What you seem to want to do is selectively apply $\ln e^{t+4}$ but NOT apply it to $(t-1)$ and .... you just can't do that.
You certainly can NOT say $[e^{t+4} ](t-1) = 0$ so $[\ln e^{t+4}](t-1) = 0$. That's just nutty. $A\ne \ln A$ so it make no sense to say $AB = (\ln A)B$ but that's exactly what you are trying to say.
Notice that $e^{t+4}(t-1) = 0$ is factored. That is you have set up a product of two terms that's equal to zero. That would imply that: $t-1 = 0$ or $e^{t+4} = 0$. For the equation, $e^{t+4} = 0$, to isolate for the exponent $t+4$, you would have to take $ln$ of both sides. But the value of $ln(0)$ is undefined. The reason it's undefined is that the domain of $ln(x)$ is $\{x \in \mathbb{R} | x > 0\}$. This is precisely a consequence of the fact that $e^x > 0$, as you point out in your question. Since $lnx$ is the inverse operation to $e^x$ the Range of $e^x$ is also the Domain of $lnx$
That all said, to answer your question about why you can't take the $ln$ of your original equation, not only would you be calculating $ln(0)$, but your algebra is off. You can't just take the $ln$ of one term in a product.
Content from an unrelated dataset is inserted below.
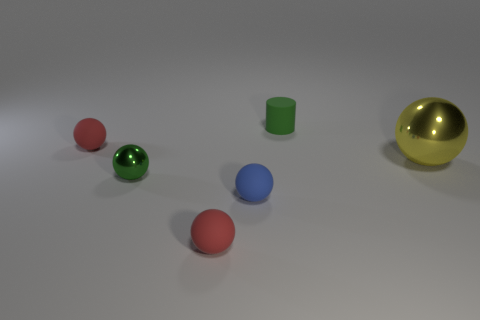Subtract 1 spheres. How many spheres are left? 4 Subtract all blue balls. How many balls are left? 4 Subtract all small green spheres. How many spheres are left? 4 Subtract all brown balls. Subtract all purple cylinders. How many balls are left? 5 Add 3 red objects. How many objects exist? 9 Subtract all balls. How many objects are left? 1 Subtract all yellow shiny balls. Subtract all green metallic spheres. How many objects are left? 4 Add 2 yellow objects. How many yellow objects are left? 3 Add 3 big gray rubber things. How many big gray rubber things exist? 3 Subtract 0 cyan cubes. How many objects are left? 6 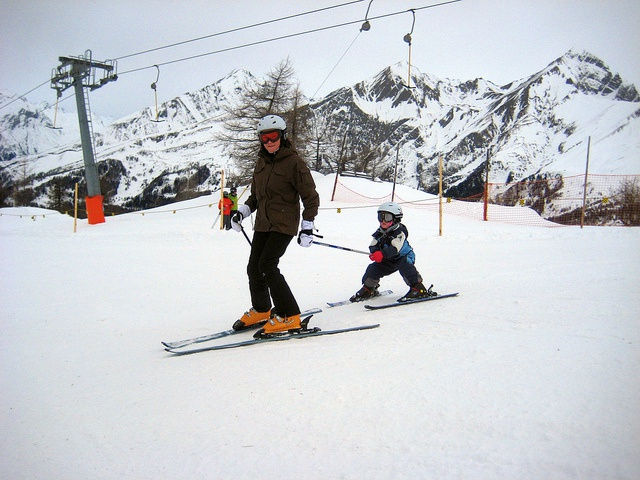Describe the objects in this image and their specific colors. I can see people in darkgray, black, lightgray, and gray tones, people in darkgray, black, gray, lightgray, and navy tones, skis in darkgray, lightgray, gray, and black tones, skis in darkgray, black, lightgray, and gray tones, and people in darkgray, black, darkgreen, olive, and gray tones in this image.

In abstract, you could do: $ln(e^{t+4}(t-1)) = ln(e^{t+4}) + ln(t-1)) = t+4 + ln(t-1)$, but I'm not sure that's a very helpful algebraic manipulation. But even then, in the context of this question, if you did $ln(e^{t+4}(t-1))$, you would also have to take the $ln$ of the other side, $0$, and as mentioned, $ln(0)$ is undefined.